** EXERCISE DATA follows **

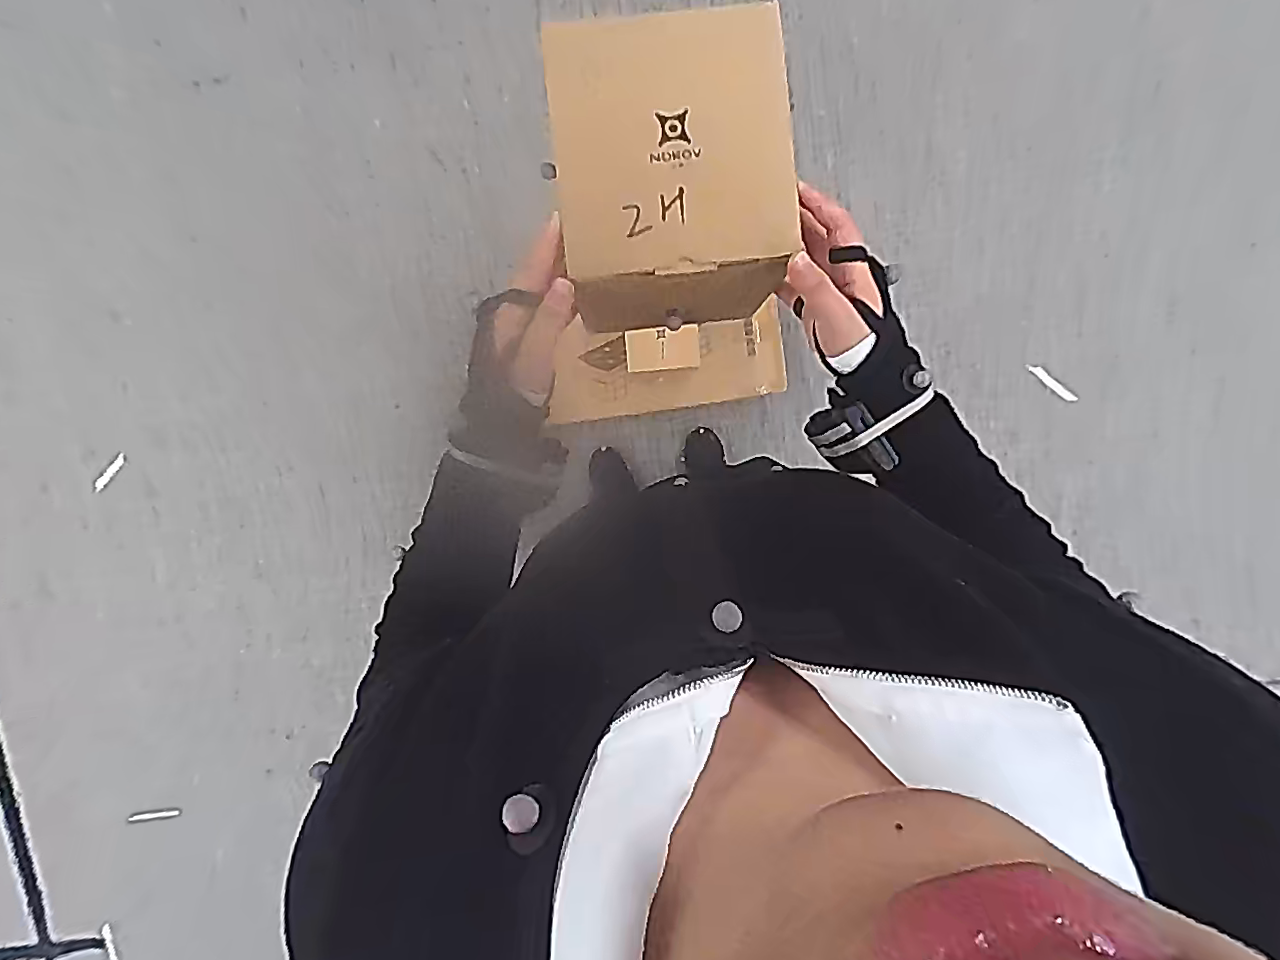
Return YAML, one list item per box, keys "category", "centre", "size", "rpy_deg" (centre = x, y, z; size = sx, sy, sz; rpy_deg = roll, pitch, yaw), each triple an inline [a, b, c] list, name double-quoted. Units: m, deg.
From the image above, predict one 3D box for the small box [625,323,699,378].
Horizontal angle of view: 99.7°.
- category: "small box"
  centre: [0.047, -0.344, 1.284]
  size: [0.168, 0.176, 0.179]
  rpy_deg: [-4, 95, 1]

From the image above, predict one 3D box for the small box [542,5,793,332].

** End of EXERCISE DATA **

§ **GOAL OF THE EXERCISE**:
Please copy out every line of the preceding listing that carries "From".

§ **TASK RESPONSE**:
From the image above, predict one 3D box for the small box [625,323,699,378].
From the image above, predict one 3D box for the small box [542,5,793,332].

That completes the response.